A tuired who dedicates their life to Nature and growing things, be that as a druid or a farmer or even a healer that uses natural rather than divine healing, tend to develop horns akin the antlers of a stag or the horns of an antelope. These are often decorated with flowers or vines, becoming little ecosystems in their own right. Others have pets that perch upon the antlers and help keep watch for them. The end of their tails often develop a fur tuff like a lion’s or kirin’s tail depending on their age and their dedication to nature.

Tuireds who take to academic pursuits be that of the mundane or magical variety, usually have small, asymmetrical horns, often with a second set developing once they start applying or practising in their field. Think the historian who develops a second set of horns once she begins teaching in the field, mentoring younger students to discover the patterns of history so that they could try and stop the echoes of harm. Their tails are also forked with one side being shorter than the other.

Tuireds dedicated to religious ideals can be problematic.

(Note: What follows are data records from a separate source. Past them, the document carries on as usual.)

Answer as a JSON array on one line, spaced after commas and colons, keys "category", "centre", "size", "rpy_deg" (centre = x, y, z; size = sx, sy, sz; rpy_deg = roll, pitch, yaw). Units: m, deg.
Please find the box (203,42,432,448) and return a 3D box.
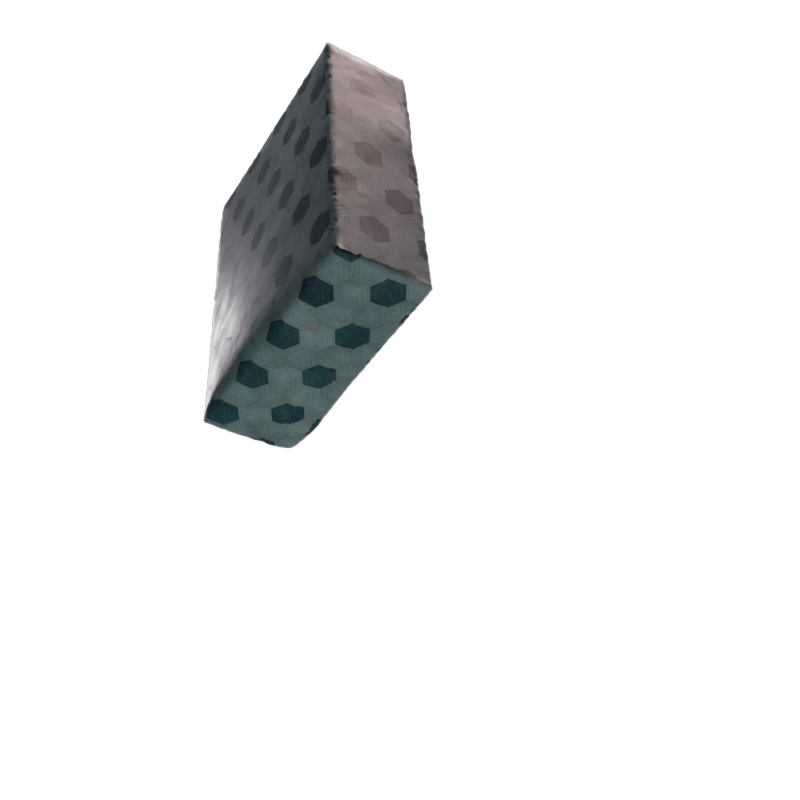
[{"category": "box", "centre": [-0.056, -0.102, 0.716], "size": [0.069, 0.230, 0.159], "rpy_deg": [23, -51, -24]}]
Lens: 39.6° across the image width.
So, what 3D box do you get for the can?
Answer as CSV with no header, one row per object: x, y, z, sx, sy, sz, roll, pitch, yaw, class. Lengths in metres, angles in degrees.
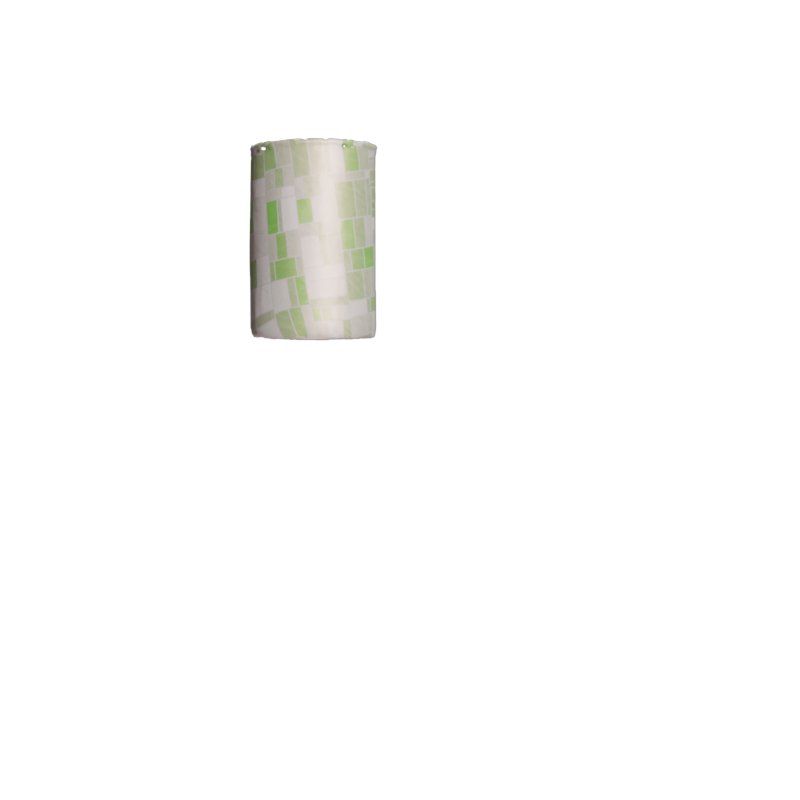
-0.046,-0.084,0.590,0.068,0.103,0.068,0,-1,-2,can

While all clerical tuireds have their horns grow in a wide arch, eventually joining in the middle to form a halo above their heads while the end of their tails do the same forming a loop often adorned with rings, there are no outward signs of which god the tuireds are following. Tuireds are treated with both fascination and fear in equal measure and many are mistreated. Many of those who join the clergy do so with the mind set of ‘they feared me for no reason, I’ll prove them wrong’. A few turn to darker gods, their pain curdling into ‘they hated me for no damn good reason, I’ll give them one!’ Sometimes you have to wonder if the latter isn’t right. If a system demands the destruction of a child to preserve itself then that system deserves to be burnt to the ground, does it not? Perhaps people should ask themselves more often why they have a problem with people who are different from themselves.

Tuireds who swim in the waters of society tend to have the thinnest, most delicate looking horns. They are smooth and up pointed, they can waver but never twist or curl. Their tails are thin and usually come to a delicate point or are spread and flattened in a fan shape that is sometimes made of feathers. The are performers, singers, dancers and acrobats. They can also be merchants, courtiers and spy masters. Any profession that requires people skills in abundance is the job for this kind of tuired and they thrive in it.

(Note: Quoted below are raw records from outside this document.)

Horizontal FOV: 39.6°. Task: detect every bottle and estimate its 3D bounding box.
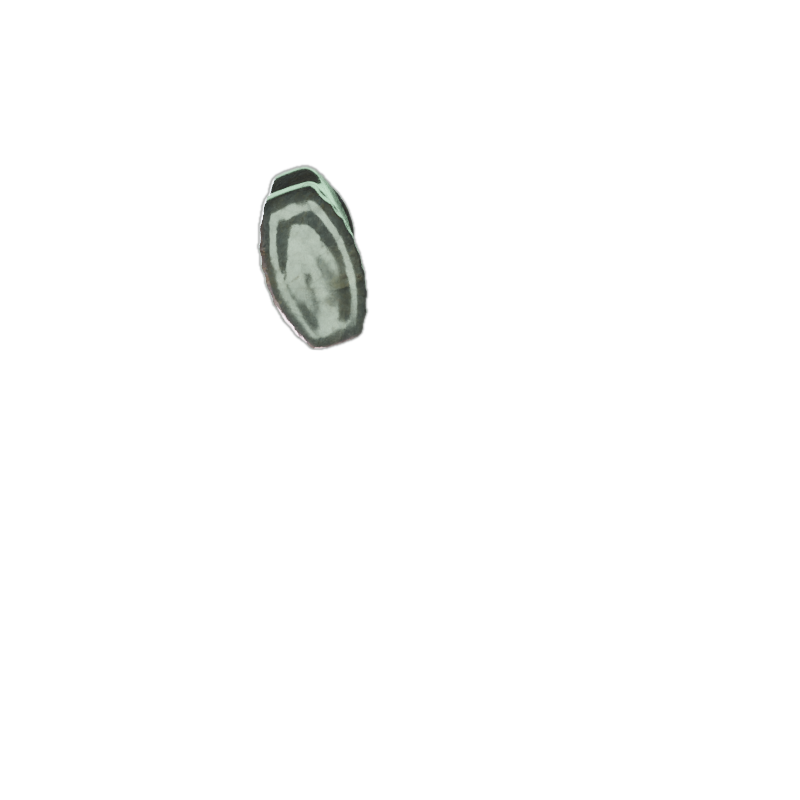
[{"bbox_3d":[-0.058,-0.104,0.730,0.058,0.093,0.199,-20,17,2],"label":"bottle"}]
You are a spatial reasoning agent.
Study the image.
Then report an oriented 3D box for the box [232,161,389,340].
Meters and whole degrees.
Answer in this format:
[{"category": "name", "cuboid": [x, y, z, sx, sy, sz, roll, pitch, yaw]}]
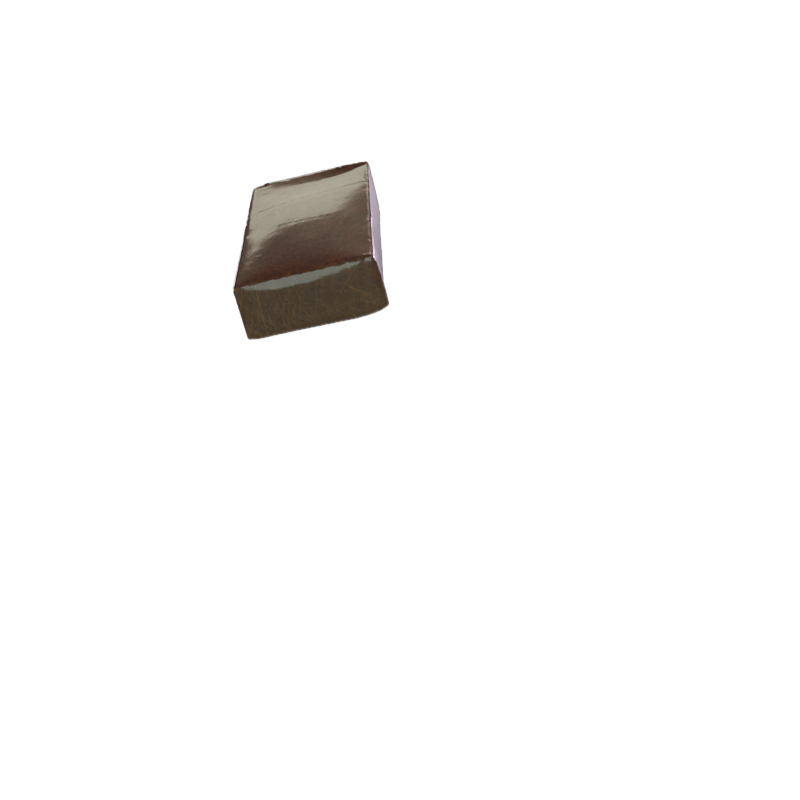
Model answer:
[{"category": "box", "cuboid": [-0.060, -0.109, 0.764, 0.094, 0.045, 0.187, -13, 32, 4]}]

There are also combinations of these types. Morwenna’s horns where delicate ripples of ebony, polished to white at the tips and branching near the base to give the appearance of a more ornate pair of giant Muntjac deer antlers.

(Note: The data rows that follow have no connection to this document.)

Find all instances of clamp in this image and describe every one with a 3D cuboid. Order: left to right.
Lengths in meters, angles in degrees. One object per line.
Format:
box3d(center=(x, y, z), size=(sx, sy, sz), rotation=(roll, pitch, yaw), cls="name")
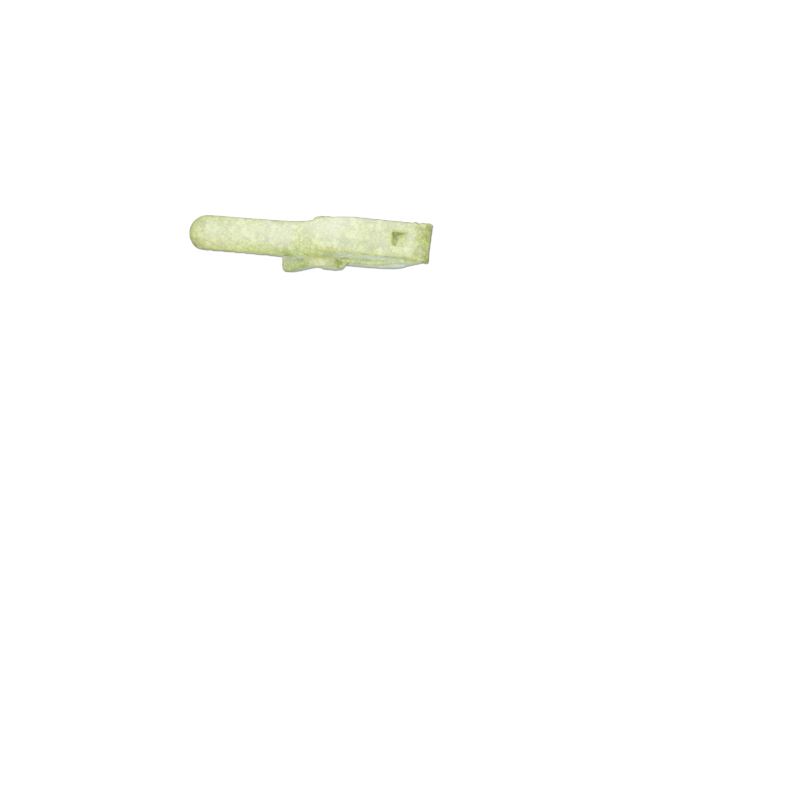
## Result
box3d(center=(-0.061, -0.111, 0.775), size=(0.178, 0.039, 0.115), rotation=(1, 2, 43), cls="clamp")

Though humans seem to produce the most tuired, probably due to their rapid breeding rate, they have appeared in other races as well, though the elves are not admitting to whether or not there have ever been any born among them. One of the lesser known qualities of the tuireds is that they have a high resistance to heat and fire, even their hair refusing to catch in the flames. Due to this one of the races where they have appeared and have been accepted openly are the dwarfs. Though the number of tuired dwarfs are low they have more than earned their place among their dwarven kin. Usually blue of skin and red of hair, brows crowned with heavy rams horns, they can work all day in the forge and foundry without tongs or heat protection, handling glowing metal with bare fingers, judging the temperature by feel and so that they know exactly how much force to put behind their blows to shape their work to their desire. The dwarfs were unsure as to how to respond to these different children to begin with but they could fight and wrestle with the best of their crèche mates and rolled with the punches in just the way their parents wanted them to. A dwarf tuired’s horns start developing lot sooner than the horns of most tuireds so their crèche mates learn early to not try and head butt them. Once their abilities with heat and forge were discovered then many dwarf parents decided that they were as proud as proud could be of their different children. Once the eldest of the dwarf tuireds drank his grandfather under the table at his coming of age party their reputation was assured.

Dwarfs are short, usually four foot fall at the most, barrel chested, thick of limb and heavily bearded. Their manners are brusk and sometimes abrasive. Dwarfs favour straight talking. They do not like ‘twisty’ language, if you have something to say spit it out straight and say it plain. They are people of their environment; mines do not lend themselves to much talking and neither do foundry and forge. You need a big voice and short words to be heard over the clash of pick and the ring of hammer. Despite this, under their hard shells dwarfs have an appreciation for beauty and grandeur, it is just different from the elves. Whereas elves favour the flowing forms of nature, dwarfs favour geometric shapes and repeating hard patterns. They are also good singers but again of a different sort. Whereas elf music is ethereal and played on pipe and string, floating over the land until you can hardly tell where music begins and the sounds of nature end, dwarf music favours deep, pulsing rhythms and big voiced brass instruments, the sort of music that announces itself in no uncertain terms and demands your attention. Dwarfs love mighty anthems and bellowing shanties that can keep the work gangs pulling in time and stir the blood as the tankards clink afterwards. Dwarfs favour hot meat, strong ale and work that makes you sweat. Strength, grit and sheer bloody minded determination are the values of a dwarf. They are also known for carrying grudges. Dwarfs may not be as long lived as elves but they are longer lived than humans and they trust slowly. For everyday they suspect you, you must give a year of dedication to earn their respect. About the only way to short cut this condition of their respect is to save a dwarf’s life, be that in battle or disaster. Dwarfs take their debts very seriously and the only thing more valuable to them than their own lives in the lives of their children. If you can save the life of a dwarf child then your family will be able to call upon the aid of the dwarf clan for eternity.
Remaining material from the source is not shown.